CNX (Carbon‐Nano‐eXit): a unique carbon‐nano‐structure to be employed for excellent electron‐emitters

2007 
Carbon materials including Carbon-Nano-Tubes (CNT), Nano-Diamonds and other Nano-Carbon-relatives (such as Carbon-Nano-Walls [CNW]) have received intense attention as good candidates for electron-emitters. The present authors and co-workers have long been trying to fabricate good electron-emitters, employing a variety of carbon-nano-materials. Until some months ago, we claimed that CNW was the best structure for high emission-capability among the carbon-nano-materials. However, by introduction of a unique structure into the CNW, we have recently succeeded to obviously improve the capability of the emitter while achieving and far shorter fabrication or deposition times. The unique structure has been named Carbon-Nano-eXit (CNX) and patented.
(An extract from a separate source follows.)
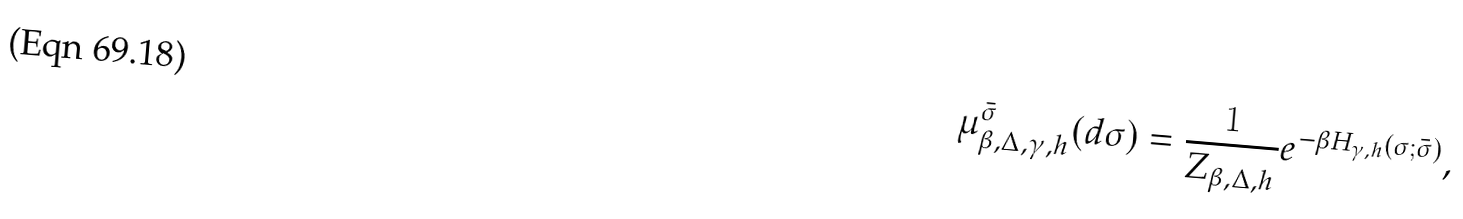Convert formula to latex. <formula><loc_0><loc_0><loc_500><loc_500>\mu ^ { \bar { \sigma } } _ { \beta , \Delta , \gamma , h } ( d \sigma ) = \frac { 1 } { Z _ { \beta , \Delta , h } } e ^ { - \beta H _ { \gamma , h } ( \sigma ; \bar { \sigma } ) } ,</formula>

The introduction of this CNX into the CNW structure can be done by some modification of plasma parameters during emitter fabrication or deposition by plasma CVD process. Now the emitter has shown a world-top-ranking property: very low turn-on-voltage (0.5 V/μm to induce 10 μA/cm 2 ) and high emission current at low applied voltage with a gap distance of 1 mm (1 mA/cm 2 current at 1.1 V/μm and 100 mA/cm 2 at 2 V/μm). The emitter a is wire or pipe type emitter to avoid the so-called "edge-effect". Owing to the presence of CNX which shortens the fabrication time, we are able to fabricate or deposit the emitters totally about 50∼100 km long per month by one CVD-reactor. Then using these emitters, we are able to fabricate Mercury-free fluorescence lamps with high efficiency (∼70 lm/watt) and a high brightness of 105 cd/m 2 (white-light).